··· Records for processing ···

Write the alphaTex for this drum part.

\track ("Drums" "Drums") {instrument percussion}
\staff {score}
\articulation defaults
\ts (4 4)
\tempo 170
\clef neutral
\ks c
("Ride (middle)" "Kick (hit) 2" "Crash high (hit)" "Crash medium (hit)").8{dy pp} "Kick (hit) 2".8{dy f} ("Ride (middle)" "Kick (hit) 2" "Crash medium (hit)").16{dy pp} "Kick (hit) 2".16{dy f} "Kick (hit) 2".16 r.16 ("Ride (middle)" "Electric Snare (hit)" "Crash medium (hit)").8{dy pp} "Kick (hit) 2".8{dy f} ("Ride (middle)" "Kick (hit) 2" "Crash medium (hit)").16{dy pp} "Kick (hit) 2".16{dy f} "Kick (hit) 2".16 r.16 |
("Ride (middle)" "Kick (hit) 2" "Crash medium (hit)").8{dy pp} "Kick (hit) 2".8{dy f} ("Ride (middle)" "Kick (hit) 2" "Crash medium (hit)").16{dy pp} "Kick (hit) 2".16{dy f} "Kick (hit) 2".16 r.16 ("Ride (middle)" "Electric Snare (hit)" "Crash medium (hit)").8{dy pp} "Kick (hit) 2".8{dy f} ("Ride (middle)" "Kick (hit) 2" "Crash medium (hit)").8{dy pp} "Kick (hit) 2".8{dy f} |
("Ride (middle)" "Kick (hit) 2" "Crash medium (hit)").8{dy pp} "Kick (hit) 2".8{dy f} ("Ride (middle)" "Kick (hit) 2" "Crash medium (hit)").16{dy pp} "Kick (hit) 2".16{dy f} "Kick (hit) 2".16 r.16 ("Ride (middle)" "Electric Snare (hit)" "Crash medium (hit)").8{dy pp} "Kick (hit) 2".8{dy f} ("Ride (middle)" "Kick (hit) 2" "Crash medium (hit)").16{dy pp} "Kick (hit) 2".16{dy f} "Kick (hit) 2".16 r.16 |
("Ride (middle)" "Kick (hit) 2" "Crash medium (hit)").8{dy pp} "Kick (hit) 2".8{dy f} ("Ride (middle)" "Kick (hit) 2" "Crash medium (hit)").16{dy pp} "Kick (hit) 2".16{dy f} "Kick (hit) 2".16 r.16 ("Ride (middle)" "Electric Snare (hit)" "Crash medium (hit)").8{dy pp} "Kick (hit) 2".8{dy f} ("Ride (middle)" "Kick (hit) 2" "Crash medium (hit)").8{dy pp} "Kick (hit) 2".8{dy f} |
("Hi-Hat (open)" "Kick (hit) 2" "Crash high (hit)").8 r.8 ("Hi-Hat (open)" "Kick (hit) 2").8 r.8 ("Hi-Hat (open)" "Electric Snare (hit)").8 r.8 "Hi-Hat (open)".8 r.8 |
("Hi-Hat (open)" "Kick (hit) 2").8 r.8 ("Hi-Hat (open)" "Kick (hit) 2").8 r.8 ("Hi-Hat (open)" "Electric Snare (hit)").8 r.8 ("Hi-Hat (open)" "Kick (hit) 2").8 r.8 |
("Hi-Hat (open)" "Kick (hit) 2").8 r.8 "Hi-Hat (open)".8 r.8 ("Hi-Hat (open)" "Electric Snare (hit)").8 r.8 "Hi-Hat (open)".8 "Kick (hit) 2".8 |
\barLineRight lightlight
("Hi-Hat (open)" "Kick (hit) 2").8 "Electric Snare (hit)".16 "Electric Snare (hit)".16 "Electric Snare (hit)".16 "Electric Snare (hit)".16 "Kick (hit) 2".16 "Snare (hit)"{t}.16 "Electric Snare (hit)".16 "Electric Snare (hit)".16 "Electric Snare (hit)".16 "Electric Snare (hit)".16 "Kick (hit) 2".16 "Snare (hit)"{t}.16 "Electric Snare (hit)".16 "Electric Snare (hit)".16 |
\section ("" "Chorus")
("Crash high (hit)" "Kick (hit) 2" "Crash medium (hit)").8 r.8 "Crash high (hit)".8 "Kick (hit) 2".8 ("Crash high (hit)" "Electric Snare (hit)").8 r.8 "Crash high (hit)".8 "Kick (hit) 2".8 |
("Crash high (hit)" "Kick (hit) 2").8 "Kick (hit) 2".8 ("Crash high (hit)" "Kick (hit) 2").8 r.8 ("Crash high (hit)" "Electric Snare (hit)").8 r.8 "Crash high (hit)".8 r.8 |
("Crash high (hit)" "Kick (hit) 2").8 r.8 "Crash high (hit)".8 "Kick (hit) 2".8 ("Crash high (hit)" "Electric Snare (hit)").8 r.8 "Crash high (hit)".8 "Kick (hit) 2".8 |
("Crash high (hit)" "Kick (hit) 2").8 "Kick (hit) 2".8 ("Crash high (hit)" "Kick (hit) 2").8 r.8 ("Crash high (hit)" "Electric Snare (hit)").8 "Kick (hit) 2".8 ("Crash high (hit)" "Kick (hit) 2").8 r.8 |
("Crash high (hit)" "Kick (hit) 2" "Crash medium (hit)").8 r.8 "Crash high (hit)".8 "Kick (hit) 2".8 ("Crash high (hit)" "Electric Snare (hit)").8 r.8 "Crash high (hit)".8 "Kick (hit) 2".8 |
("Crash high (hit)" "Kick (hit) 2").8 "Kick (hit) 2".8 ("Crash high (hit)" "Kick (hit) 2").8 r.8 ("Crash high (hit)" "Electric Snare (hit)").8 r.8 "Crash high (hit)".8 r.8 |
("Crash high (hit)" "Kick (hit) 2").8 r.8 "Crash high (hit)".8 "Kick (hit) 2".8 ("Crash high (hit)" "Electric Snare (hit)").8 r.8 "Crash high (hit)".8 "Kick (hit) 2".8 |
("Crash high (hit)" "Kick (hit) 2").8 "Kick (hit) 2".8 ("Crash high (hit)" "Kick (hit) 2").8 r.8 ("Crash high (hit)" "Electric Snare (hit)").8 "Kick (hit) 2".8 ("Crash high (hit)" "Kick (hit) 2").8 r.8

···

**Exercise**: Filtering the entries above by the word "high", copy each line that matches.

**Response to this exercise**:
("Ride (middle)" "Kick (hit) 2" "Crash high (hit)" "Crash medium (hit)").8{dy pp} "Kick (hit) 2".8{dy f} ("Ride (middle)" "Kick (hit) 2" "Crash medium (hit)").16{dy pp} "Kick (hit) 2".16{dy f} "Kick (hit) 2".16 r.16 ("Ride (middle)" "Electric Snare (hit)" "Crash medium (hit)").8{dy pp} "Kick (hit) 2".8{dy f} ("Ride (middle)" "Kick (hit) 2" "Crash medium (hit)").16{dy pp} "Kick (hit) 2".16{dy f} "Kick (hit) 2".16 r.16 |
("Hi-Hat (open)" "Kick (hit) 2" "Crash high (hit)").8 r.8 ("Hi-Hat (open)" "Kick (hit) 2").8 r.8 ("Hi-Hat (open)" "Electric Snare (hit)").8 r.8 "Hi-Hat (open)".8 r.8 |
("Crash high (hit)" "Kick (hit) 2" "Crash medium (hit)").8 r.8 "Crash high (hit)".8 "Kick (hit) 2".8 ("Crash high (hit)" "Electric Snare (hit)").8 r.8 "Crash high (hit)".8 "Kick (hit) 2".8 |
("Crash high (hit)" "Kick (hit) 2").8 "Kick (hit) 2".8 ("Crash high (hit)" "Kick (hit) 2").8 r.8 ("Crash high (hit)" "Electric Snare (hit)").8 r.8 "Crash high (hit)".8 r.8 |
("Crash high (hit)" "Kick (hit) 2").8 r.8 "Crash high (hit)".8 "Kick (hit) 2".8 ("Crash high (hit)" "Electric Snare (hit)").8 r.8 "Crash high (hit)".8 "Kick (hit) 2".8 |
("Crash high (hit)" "Kick (hit) 2").8 "Kick (hit) 2".8 ("Crash high (hit)" "Kick (hit) 2").8 r.8 ("Crash high (hit)" "Electric Snare (hit)").8 "Kick (hit) 2".8 ("Crash high (hit)" "Kick (hit) 2").8 r.8 |
("Crash high (hit)" "Kick (hit) 2" "Crash medium (hit)").8 r.8 "Crash high (hit)".8 "Kick (hit) 2".8 ("Crash high (hit)" "Electric Snare (hit)").8 r.8 "Crash high (hit)".8 "Kick (hit) 2".8 |
("Crash high (hit)" "Kick (hit) 2").8 "Kick (hit) 2".8 ("Crash high (hit)" "Kick (hit) 2").8 r.8 ("Crash high (hit)" "Electric Snare (hit)").8 r.8 "Crash high (hit)".8 r.8 |
("Crash high (hit)" "Kick (hit) 2").8 r.8 "Crash high (hit)".8 "Kick (hit) 2".8 ("Crash high (hit)" "Electric Snare (hit)").8 r.8 "Crash high (hit)".8 "Kick (hit) 2".8 |
("Crash high (hit)" "Kick (hit) 2").8 "Kick (hit) 2".8 ("Crash high (hit)" "Kick (hit) 2").8 r.8 ("Crash high (hit)" "Electric Snare (hit)").8 "Kick (hit) 2".8 ("Crash high (hit)" "Kick (hit) 2").8 r.8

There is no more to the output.